BEGIN Data under study
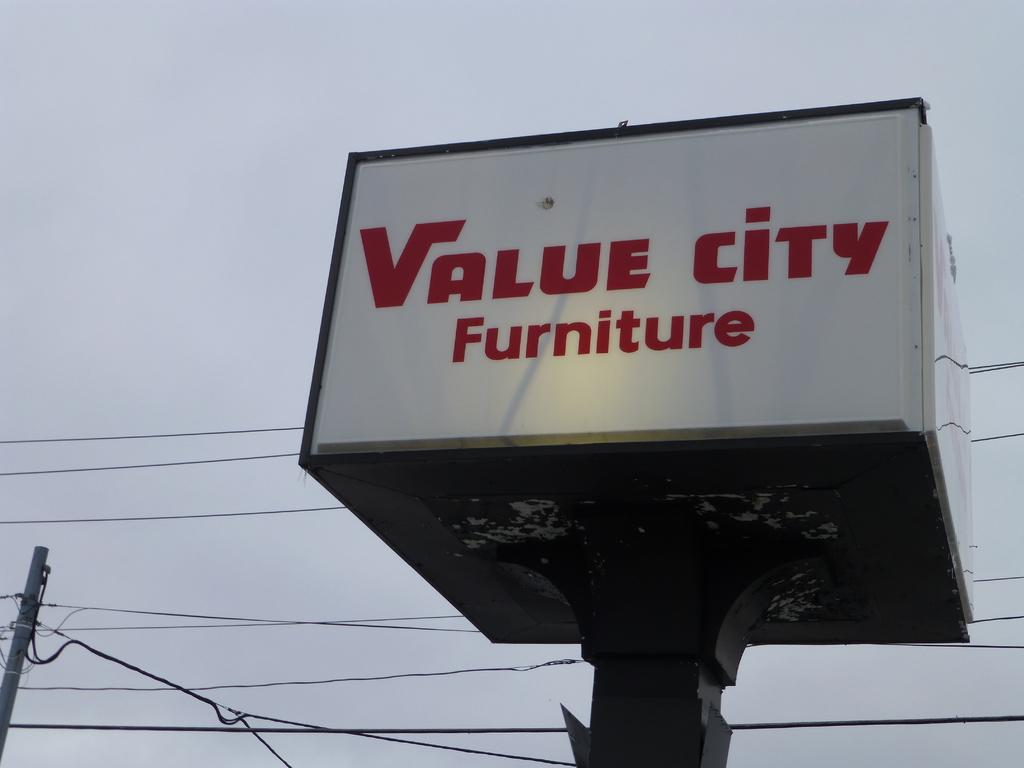<image>
Write a terse but informative summary of the picture. A white and red sign for Value City Furniture. 
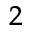<formula> <loc_0><loc_0><loc_500><loc_500>_ { 2 }</formula> 
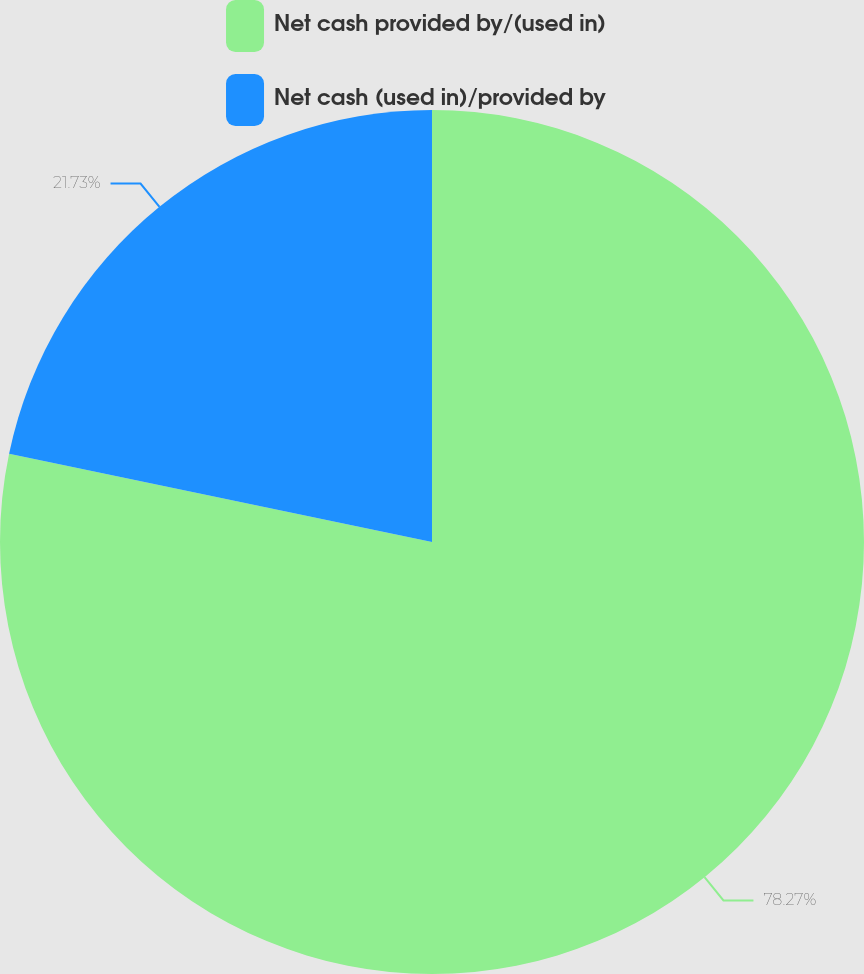Convert chart. <chart><loc_0><loc_0><loc_500><loc_500><pie_chart><fcel>Net cash provided by/(used in)<fcel>Net cash (used in)/provided by<nl><fcel>78.27%<fcel>21.73%<nl></chart> 
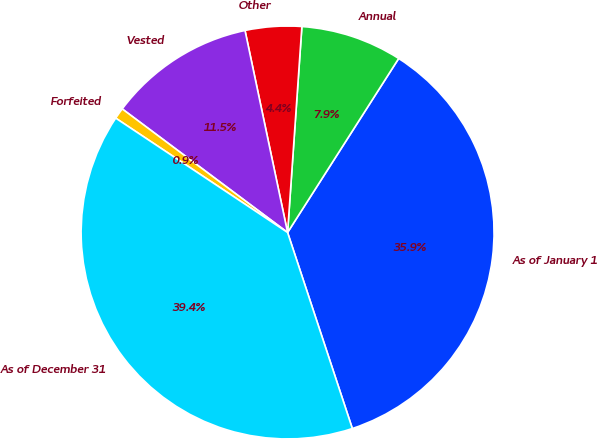Convert chart to OTSL. <chart><loc_0><loc_0><loc_500><loc_500><pie_chart><fcel>As of January 1<fcel>Annual<fcel>Other<fcel>Vested<fcel>Forfeited<fcel>As of December 31<nl><fcel>35.88%<fcel>7.94%<fcel>4.41%<fcel>11.48%<fcel>0.87%<fcel>39.42%<nl></chart> 
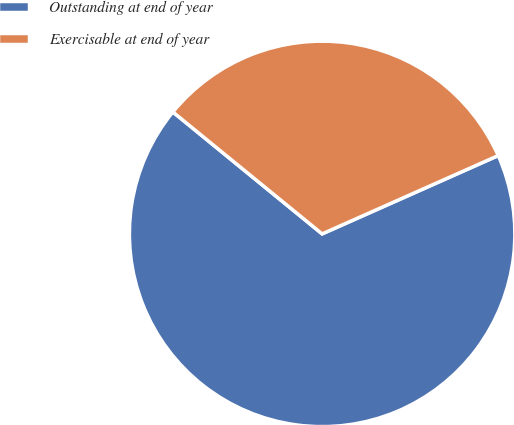<chart> <loc_0><loc_0><loc_500><loc_500><pie_chart><fcel>Outstanding at end of year<fcel>Exercisable at end of year<nl><fcel>67.56%<fcel>32.44%<nl></chart> 
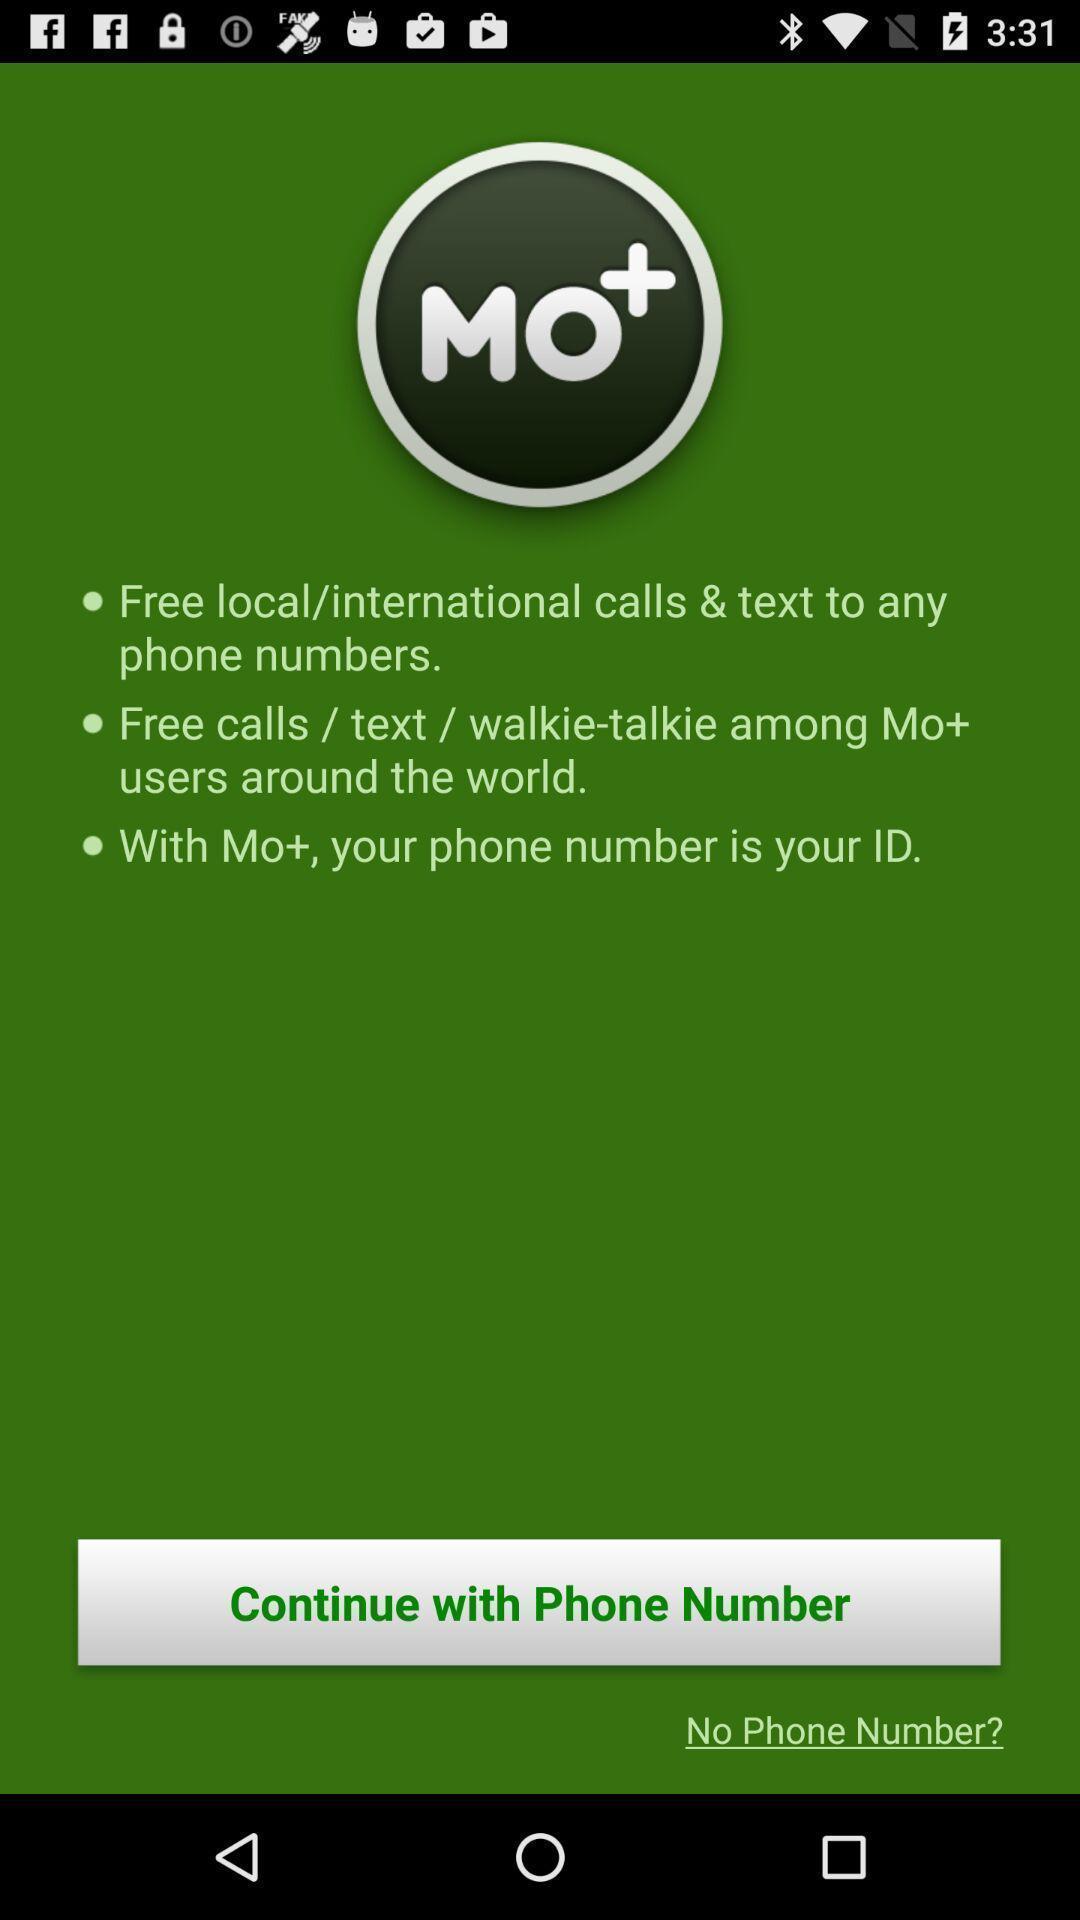Describe this image in words. Screen shows continue option in a call app.
END Data under study
**What the task requires:**
Your reply should consist solely of the lines above, from the opening line through the line with "(used in)/provided by<nl><fcel>78.27%<fcel>21.73%<nl></chart>", reproduced exactly and without pictures.

**Result of this exercise:**
<image>
Write a terse but informative summary of the picture. A white and red sign for Value City Furniture. 
<formula> <loc_0><loc_0><loc_500><loc_500>_ { 2 }</formula> 
Convert chart. <chart><loc_0><loc_0><loc_500><loc_500><pie_chart><fcel>Net cash provided by/(used in)<fcel>Net cash (used in)/provided by<nl><fcel>78.27%<fcel>21.73%<nl></chart> 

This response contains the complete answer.